Q-matrix validation is of increasing concern due to the significance and subjective tendency of Q-matrix construction in the modeling process. This research proposes a residual-based approach to empirically validate Q-matrix specification based on a combination of fit measures. The approach separates Q-matrix validation into four logical steps, including the test-level evaluation, possible distinction between attribute-level and item-level misspecifications, identification of the hit item, and fit information to aid in item adjustment. Through simulation studies and real-life examples, it is shown that the misspecified items can be detected as the hit item and adjusted sequentially when the misspecification occurs at the item level or at random.

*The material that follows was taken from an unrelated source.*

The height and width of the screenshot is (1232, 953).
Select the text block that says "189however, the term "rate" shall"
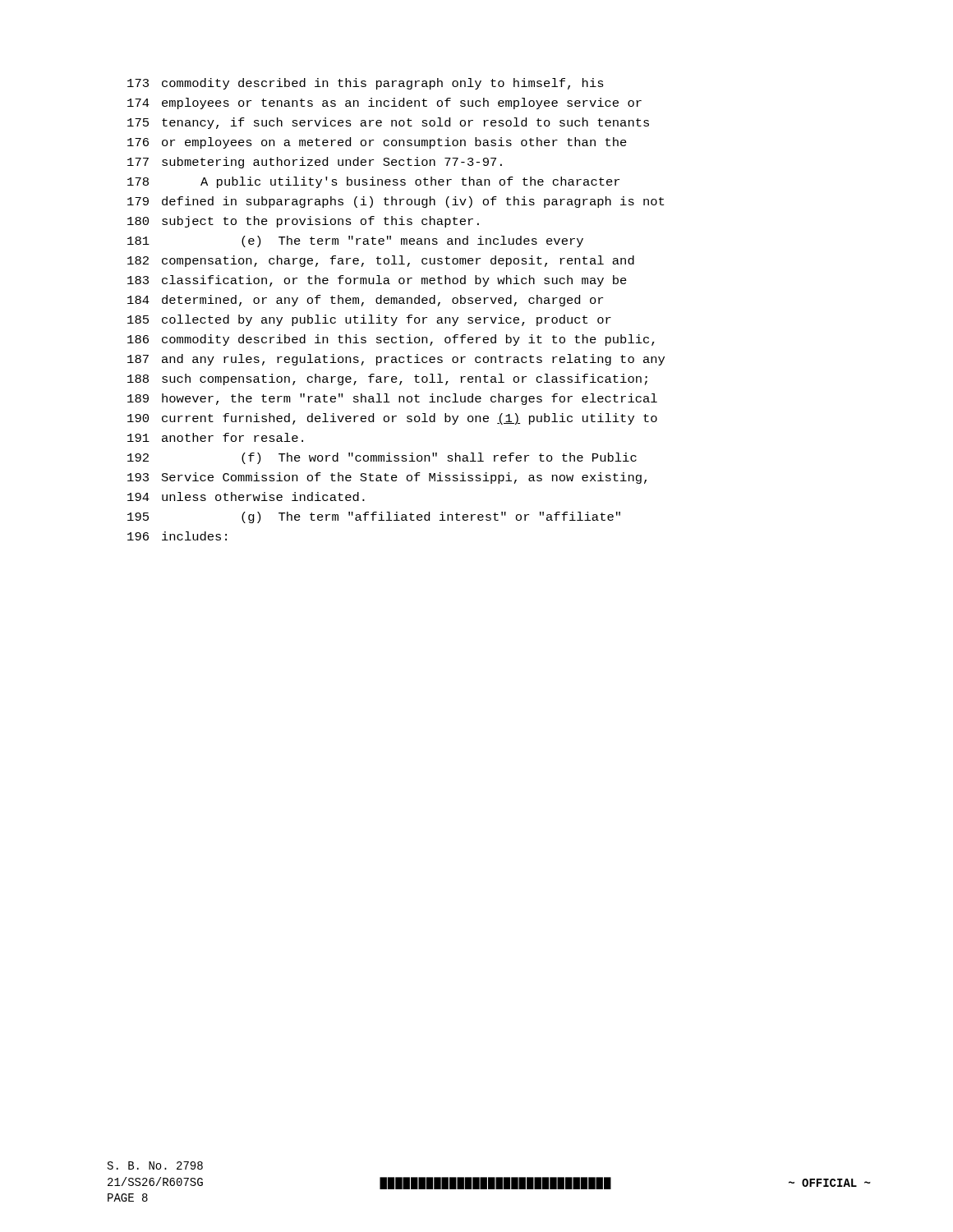(489, 399)

Adjustment can be based on the maximum reduction of the test-level measures. When adjustment of individual items tends to be useless, attribute-level misspecification is of concern. The approach can accommodate a variety of cognitive diagnosis models (CDMs) and be extended to cover other response formats.
机译:由于Q矩阵构造在建模过程中的重要性和主观性,Q矩阵验证日益受到关注。这项研究提出了一种基于残差的方法,可以基于拟合量度的组合对Q矩阵规范进行经验验证。该方法将Q矩阵验证分为四个逻辑步骤,包括测试级别的评估,属性级别和项目级别的错误指定之间的可能区别,命中项目的标识以及适合项目调整的适合信息。通过仿真研究和实际示例,可以证明,当错误指定发生在项目级别或随机发生时,可以将错误指定的项目检测为热门项目并进行顺序调整。调整可以基于最大程度地减少测试级别的措施。当单个项目的调整趋于无用时,就需要关注属性级别的错误指定。该方法可以适应各种认知诊断模型(CDM),并可以扩展为涵盖其他响应格式。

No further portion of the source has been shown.